I noticed (in that commit anyway) there were no tests changed. Is it pretty
standard not to test things like this? If I find a major bug in code I write,
I usually write a test first and TTD until it's fixed.

------
m4r71n
Red Hat advisory for RHEL6 seems to be already available:
[https://rhn.redhat.com/errata/RHSA-2014-0625.html](https://rhn.redhat.com/errata/RHSA-2014-0625.html)

Edit:

They also released a blog entry about the CCS injection issue:
[https://access.redhat.com/site/blogs/766093/posts/908133](https://access.redhat.com/site/blogs/766093/posts/908133)

------
mnicky
It seems that both Heartbleed and this MITM vulnerability were introduced by
Robin Seggelmann [1], which will surely drive a lot of speculations...

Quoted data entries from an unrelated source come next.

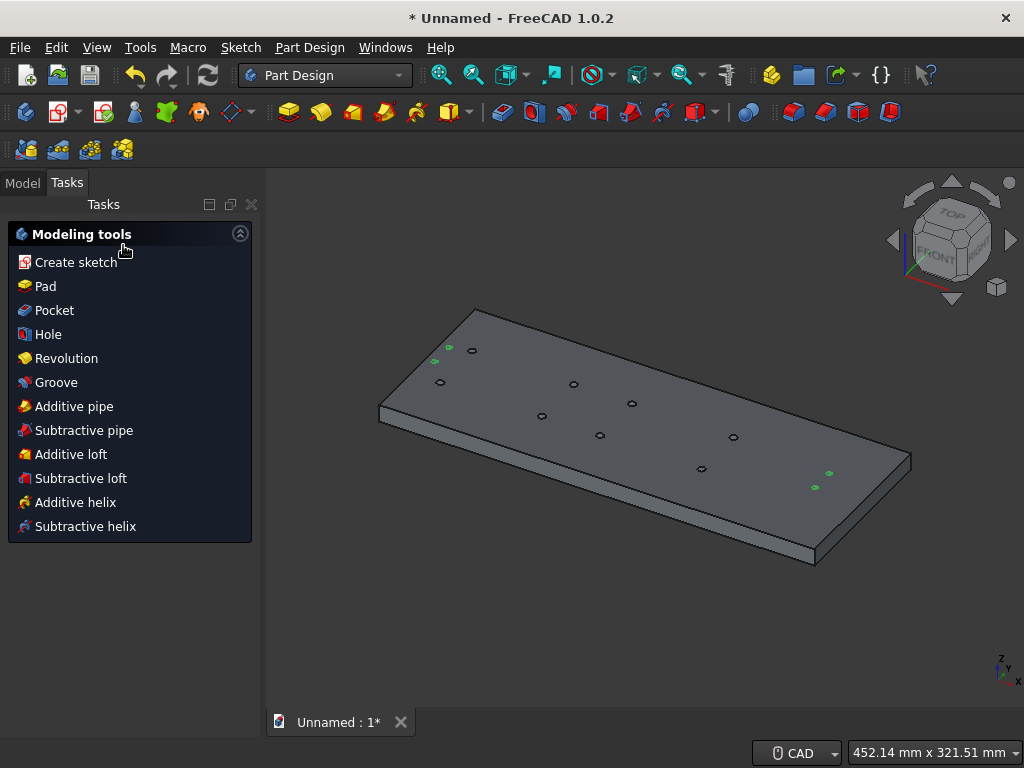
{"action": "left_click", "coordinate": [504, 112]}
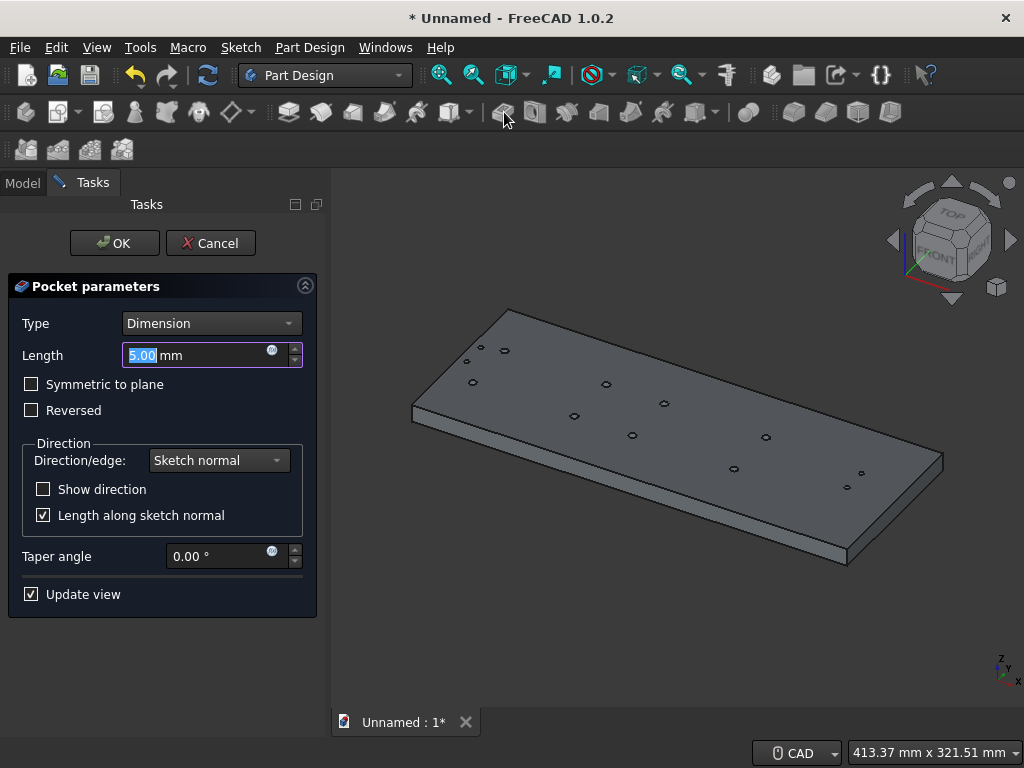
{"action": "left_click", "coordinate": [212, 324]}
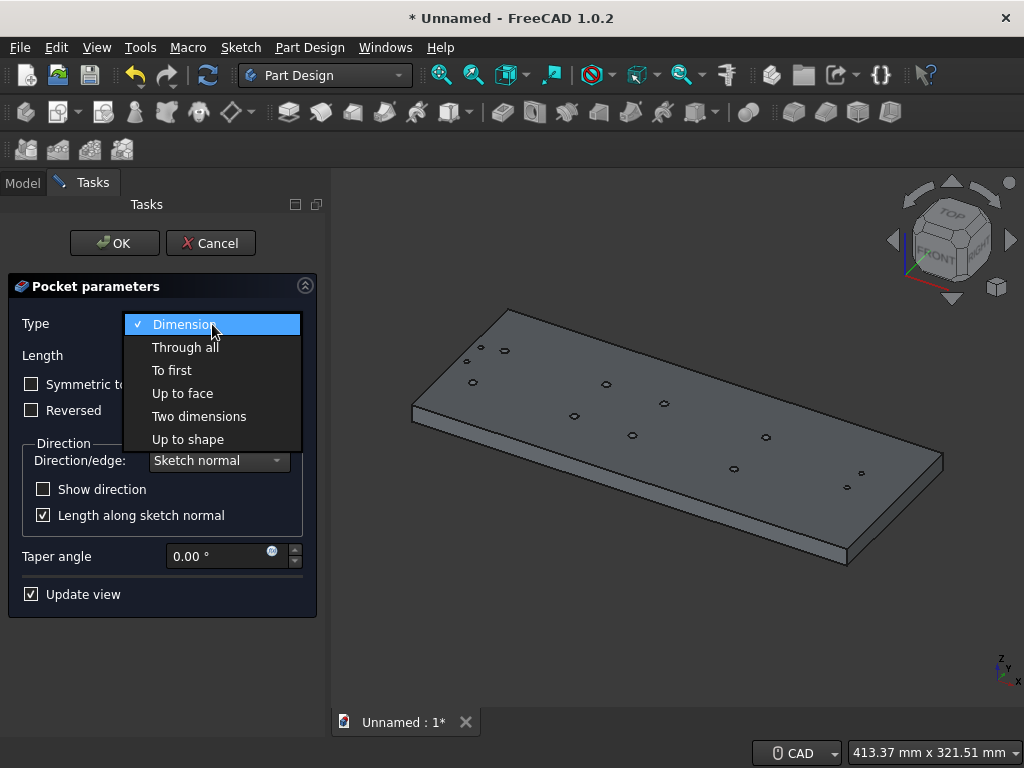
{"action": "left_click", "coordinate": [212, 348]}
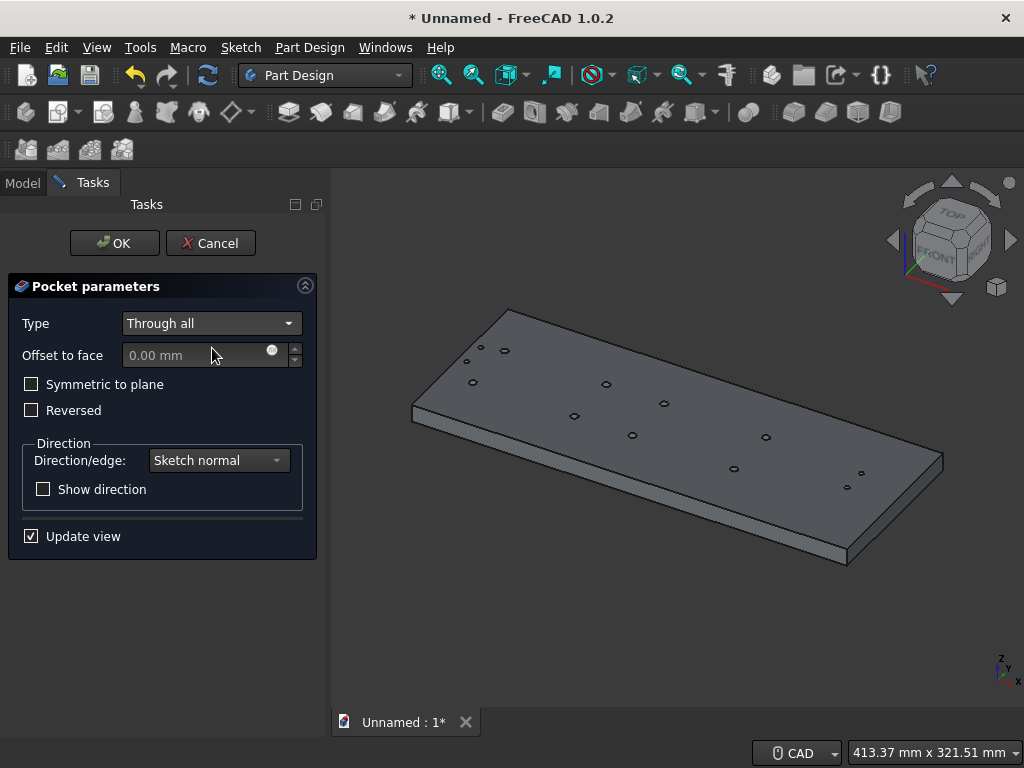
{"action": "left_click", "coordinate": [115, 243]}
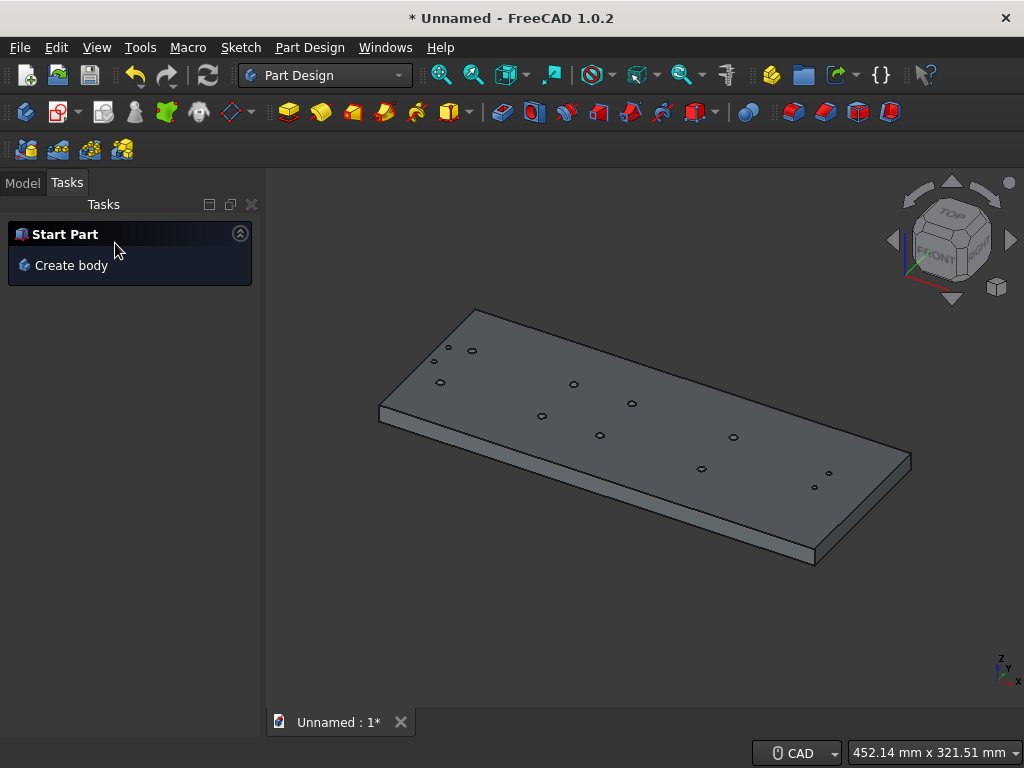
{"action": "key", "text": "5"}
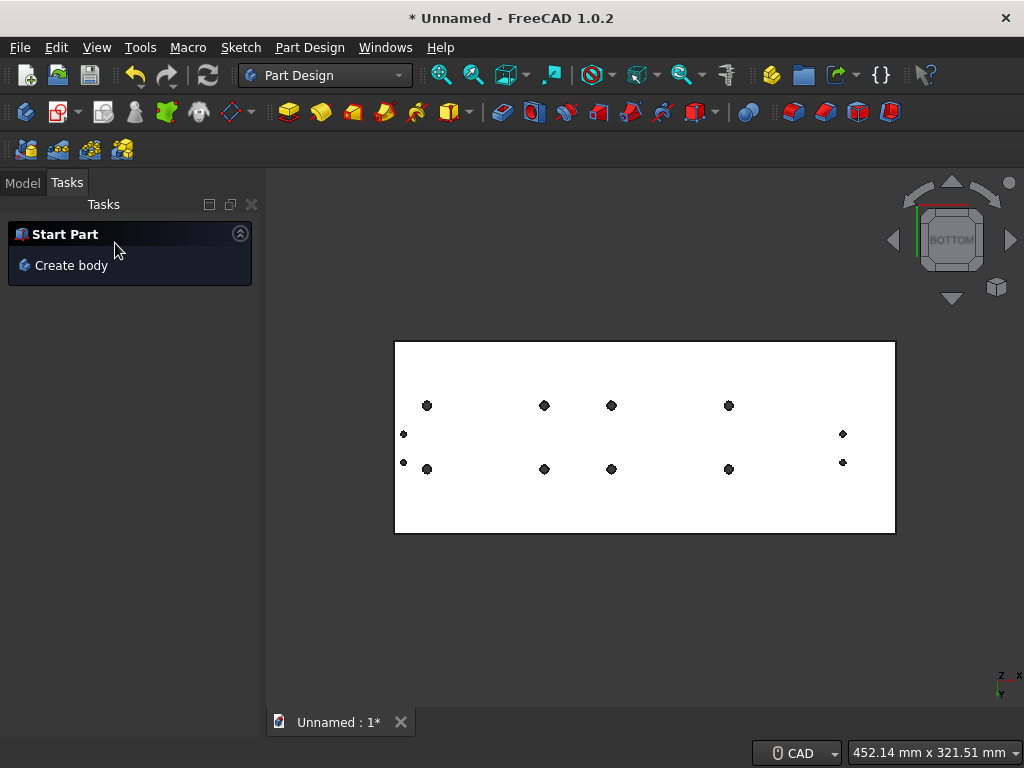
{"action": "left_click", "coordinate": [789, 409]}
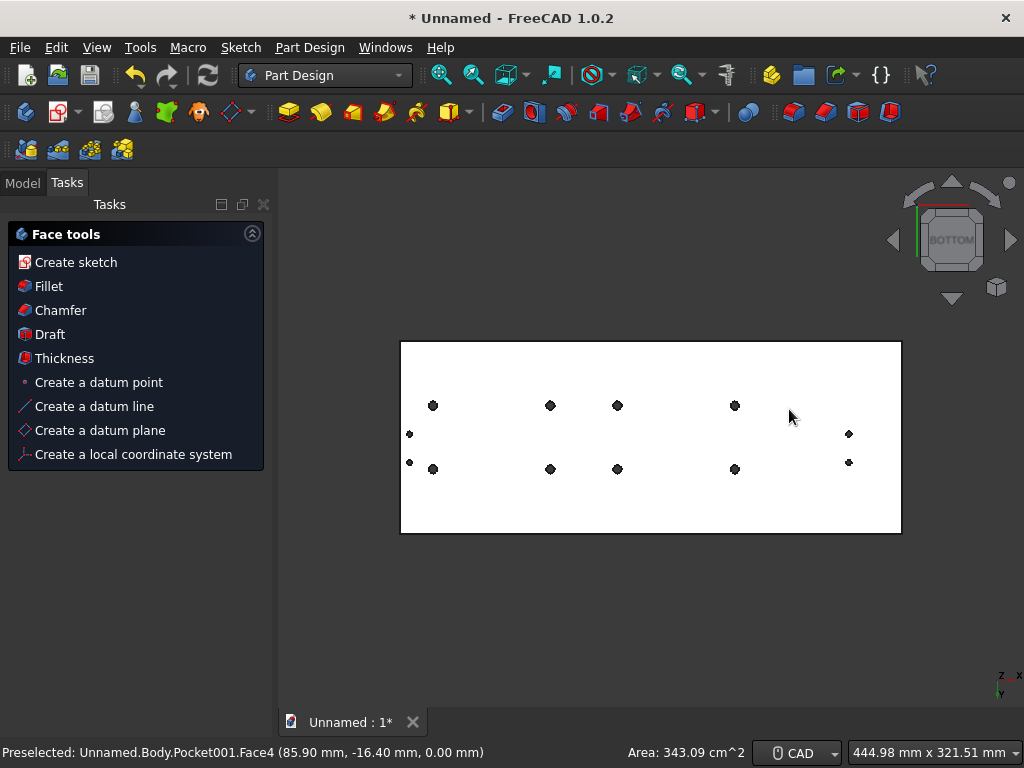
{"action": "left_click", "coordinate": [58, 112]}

[1] [http://h30499.www3.hp.com/t5/HP-Security-Research-
Blog/ZDI-1...](http://h30499.www3.hp.com/t5/HP-Security-Research-
Blog/ZDI-14-173-CVE-2014-0195-OpenSSL-DTLS-Fragment-Out-of-
Bounds/ba-p/6501002#.U5Cjpnmx3UY)

------
anon12
Looking at all the attention openSSL is getting these days, I'd use another
solution in my production servers (if security was an important concern).

------
fomb
[https://status.heroku.com/incidents/636](https://status.heroku.com/incidents/636)

------
zekenie
Is it recommended to cycle ssl certs?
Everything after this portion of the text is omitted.